A Manhattan, appuntamento all’una a Foley Square nel Financial District. Da mezzogiorno abbiamo assistito all’arrivo di manifestanti di tutte le età e etnie vestiti di nero e abbiamo attraversato con loro Chinatown, Broadway, Washington Square Park e Union Square fino all’Upper East Side per onorare la memoria di George Floyd, il quarantaseienne afroamericano morto durante l’arresto a Minneapolis, e delle vittime del razzismo e della brutalità della polizia.

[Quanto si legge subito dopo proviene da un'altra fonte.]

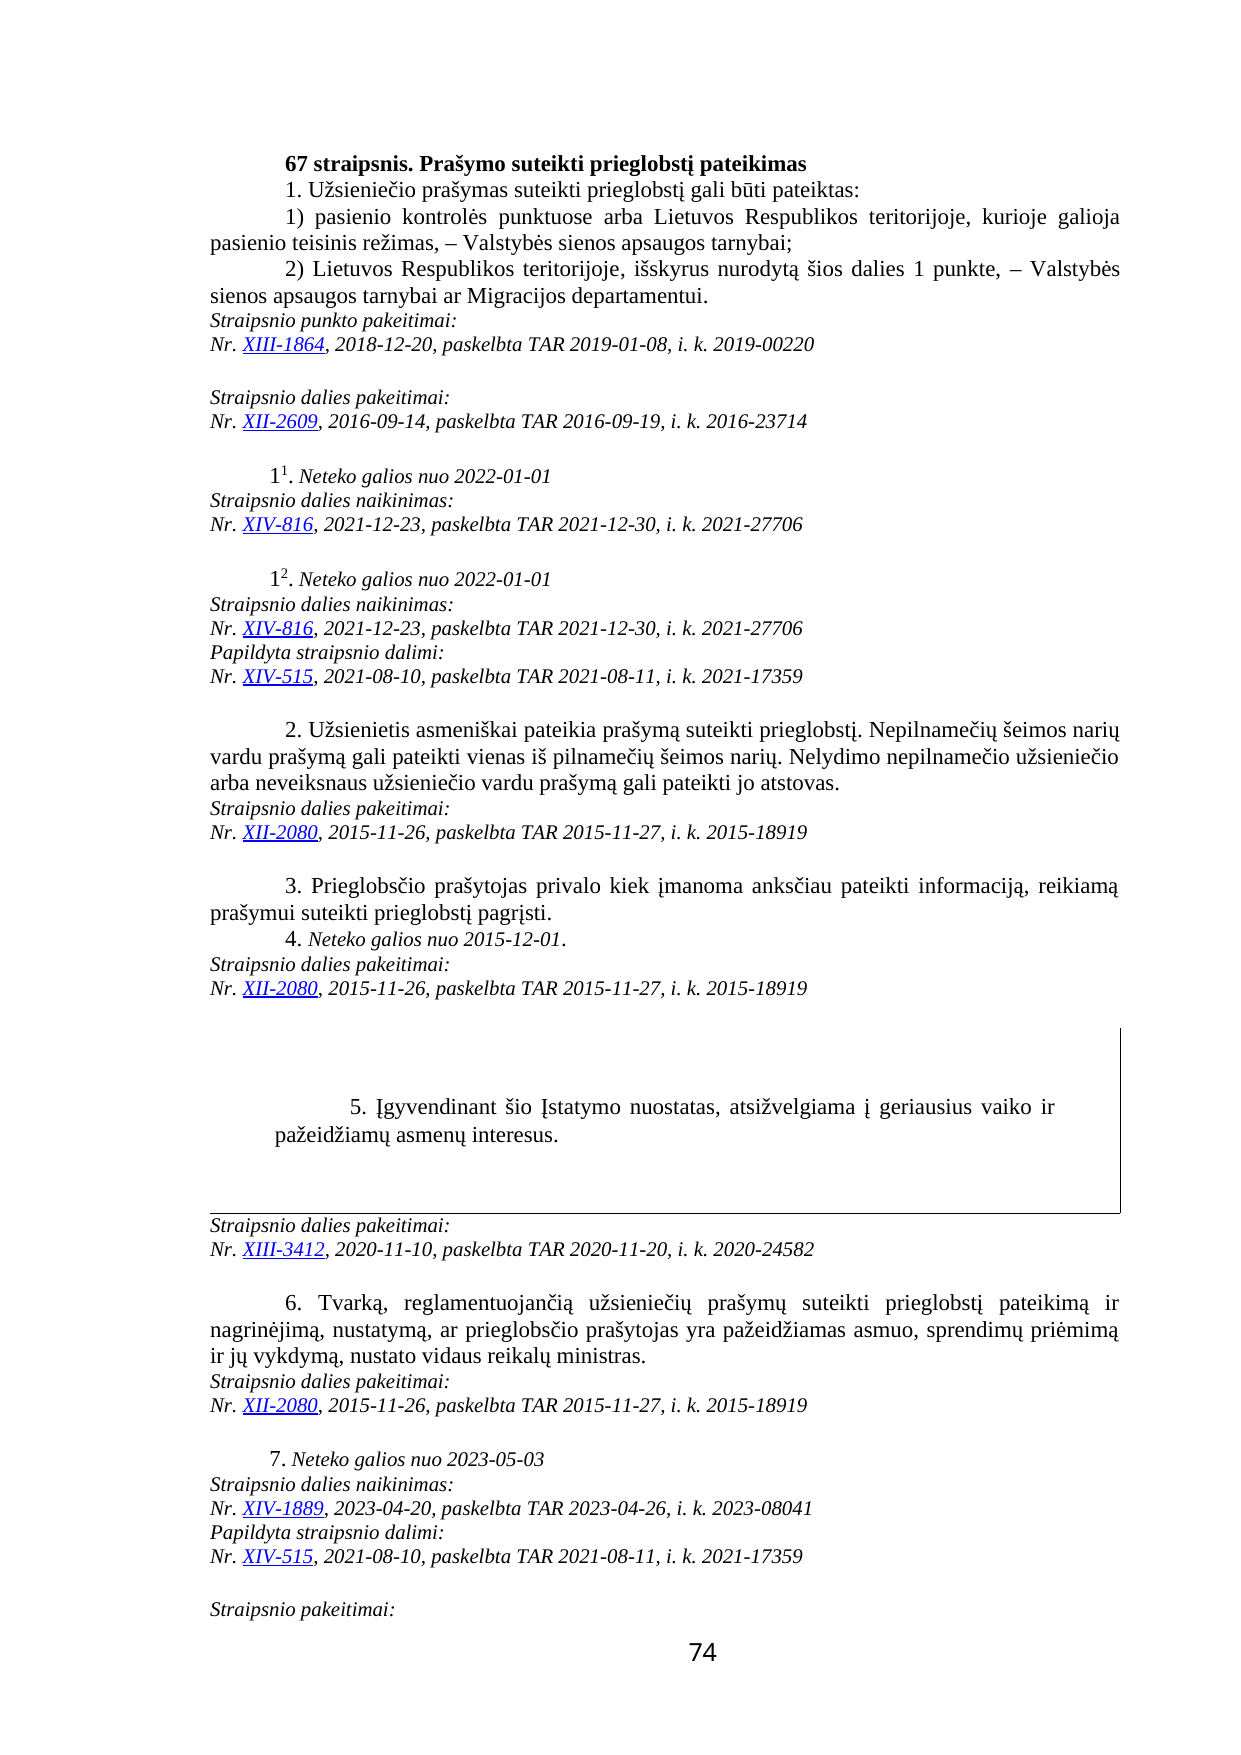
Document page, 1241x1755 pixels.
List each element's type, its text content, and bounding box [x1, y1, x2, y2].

text Straipsnio dalies naikinimas: [210, 488, 1120, 512]
text Nr. XIV-816, 2021-12-23, paskelbta TAR 2021-12-30, i. k. 2021-27706 [210, 616, 1120, 639]
text Nr. XII-2080, 2015-11-26, paskelbta TAR 2015-11-27, i. k. 2015-18919 [210, 819, 1120, 844]
text 11. Neteko galios nuo 2022-01-01 [210, 462, 1120, 488]
text 1) pasienio kontrolės punktuose arba Lietuvos Respublikos teritorijoje, kurioje galioja pasienio teisinis režimas, – Valstybės sienos apsaugos tarnybai; [210, 203, 1120, 255]
text Nr. XIV-816, 2021-12-23, paskelbta TAR 2021-12-30, i. k. 2021-27706 [210, 512, 1120, 536]
text Nr. XIV-1889, 2023-04-20, paskelbta TAR 2023-04-26, i. k. 2023-08041 [210, 1496, 1120, 1520]
text Straipsnio punkto pakeitimai: [210, 308, 1120, 332]
text Papildyta straipsnio dalimi: [210, 1520, 1120, 1544]
text Nr. XIV-515, 2021-08-10, paskelbta TAR 2021-08-11, i. k. 2021-17359 [210, 664, 1120, 688]
text Straipsnio pakeitimai: [210, 1597, 1120, 1621]
text 4. Neteko galios nuo 2015-12-01. [210, 925, 1120, 951]
text Nr. XII-2080, 2015-11-26, paskelbta TAR 2015-11-27, i. k. 2015-18919 [210, 976, 1120, 999]
text 12. Neteko galios nuo 2022-01-01 [210, 565, 1120, 591]
text Papildyta straipsnio dalimi: [210, 639, 1120, 664]
text 6. Tvarką, reglamentuojančią užsieniečių prašymų suteikti prieglobstį pateikimą ir nagrinėjimą, nustatymą, ar prieglobsčio prašytojas yra pažeidžiamas asmuo, sprendimų priėmimą ir jų vykdymą, nustato vidaus reikalų ministras. [210, 1289, 1120, 1368]
text 5. Įgyvendinant šio Įstatymo nuostatas, atsižvelgiama į geriausius vaiko ir pažeidžiamų asmenų interesus. [210, 1028, 1120, 1213]
text Straipsnio dalies pakeitimai: [210, 796, 1120, 819]
text Nr. XIII-1864, 2018-12-20, paskelbta TAR 2019-01-08, i. k. 2019-00220 [210, 332, 1120, 356]
text Straipsnio dalies pakeitimai: [210, 951, 1120, 976]
text Straipsnio dalies pakeitimai: [210, 1368, 1120, 1393]
text Straipsnio dalies pakeitimai: [210, 385, 1120, 409]
text 1. Užsieniečio prašymas suteikti prieglobstį gali būti pateiktas: [210, 176, 1120, 203]
text Nr. XIV-515, 2021-08-10, paskelbta TAR 2021-08-11, i. k. 2021-17359 [210, 1544, 1120, 1568]
text 2. Užsienietis asmeniškai pateikia prašymą suteikti prieglobstį. Nepilnamečių šeimos narių vardu prašymą gali pateikti vienas iš pilnamečių šeimos narių. Nelydimo nepilnamečio užsieniečio arba neveiksnaus užsieniečio vardu prašymą gali pateikti jo atstovas. [210, 716, 1120, 796]
text Straipsnio dalies naikinimas: [210, 591, 1120, 616]
text 7. Neteko galios nuo 2023-05-03 [210, 1445, 1120, 1472]
text Nr. XII-2609, 2016-09-14, paskelbta TAR 2016-09-19, i. k. 2016-23714 [210, 409, 1120, 433]
text 2) Lietuvos Respublikos teritorijoje, išskyrus nurodytą šios dalies 1 punkte, – Valstybės sienos apsaugos tarnybai ar Migracijos departamentui. [210, 255, 1120, 308]
text 67 straipsnis. Prašymo suteikti prieglobstį pateikimas [210, 150, 1120, 176]
text Straipsnio dalies pakeitimai: [210, 1213, 1120, 1237]
text Nr. XIII-3412, 2020-11-10, paskelbta TAR 2020-11-20, i. k. 2020-24582 [210, 1237, 1120, 1261]
text 3. Prieglobsčio prašytojas privalo kiek įmanoma anksčiau pateikti informaciją, reikiamą prašymui suteikti prieglobstį pagrįsti. [210, 872, 1120, 925]
text Straipsnio dalies naikinimas: [210, 1472, 1120, 1496]
text Nr. XII-2080, 2015-11-26, paskelbta TAR 2015-11-27, i. k. 2015-18919 [210, 1393, 1120, 1417]

Durante la giornata, la partecipazione non ha accennato a diminuire e il corteo ha inglobato gruppi radunati in diverse parti con cori rivolti alla NYPD – I smell racist (“Sento puzza di razzista”) – e con momenti di silenzio. Più volte la folla si è inginocchiata per ricordare Floyd; ha alzato le mani gridando Hands up, don’t shoot (“Mani in alto, non sparate!”) per Michael Brown, ucciso nel 2014 a Ferguson, Missouri; ha intonato I can’t breathe (“Non riesco a respirare”) per Eric Garner, soffocato nello stesso anno a Staten Island.

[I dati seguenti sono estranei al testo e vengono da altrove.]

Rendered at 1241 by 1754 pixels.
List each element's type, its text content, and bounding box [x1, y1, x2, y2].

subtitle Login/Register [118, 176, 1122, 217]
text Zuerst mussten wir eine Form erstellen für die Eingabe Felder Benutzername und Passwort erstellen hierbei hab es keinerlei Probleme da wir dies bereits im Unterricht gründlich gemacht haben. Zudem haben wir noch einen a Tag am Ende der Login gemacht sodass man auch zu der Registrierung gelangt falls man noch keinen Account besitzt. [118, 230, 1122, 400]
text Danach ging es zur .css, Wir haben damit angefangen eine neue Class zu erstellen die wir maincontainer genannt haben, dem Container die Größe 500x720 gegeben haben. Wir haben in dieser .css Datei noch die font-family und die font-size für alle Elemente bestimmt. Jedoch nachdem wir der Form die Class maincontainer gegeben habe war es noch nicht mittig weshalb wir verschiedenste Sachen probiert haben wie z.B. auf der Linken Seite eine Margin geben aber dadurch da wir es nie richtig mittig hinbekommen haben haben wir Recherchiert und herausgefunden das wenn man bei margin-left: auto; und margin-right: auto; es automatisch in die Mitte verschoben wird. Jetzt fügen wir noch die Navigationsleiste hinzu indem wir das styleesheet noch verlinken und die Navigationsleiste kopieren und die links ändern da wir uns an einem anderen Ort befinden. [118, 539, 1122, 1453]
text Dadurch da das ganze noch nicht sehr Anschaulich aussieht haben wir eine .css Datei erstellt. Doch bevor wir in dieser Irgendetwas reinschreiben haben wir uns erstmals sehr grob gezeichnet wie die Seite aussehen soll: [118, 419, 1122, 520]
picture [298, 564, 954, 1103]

In tanti hanno continuato a marciare anche dopo le 20 e dopo il coprifuoco, persino quando gli agenti hanno bloccato l’accesso a Manhattan. Per quasi due ore, in migliaia si sono trovati intrappolati sul Manhattan Bridge senza possibilità di passare oltre il cordone della polizia in tenuta antisommossa e sono stati finalmente costretti a tornare indietro a Brooklyn.
Solo in mattinata si saprà se scontri e saccheggi avranno preso di nuovo il sopravvento sul messaggio della protesta”.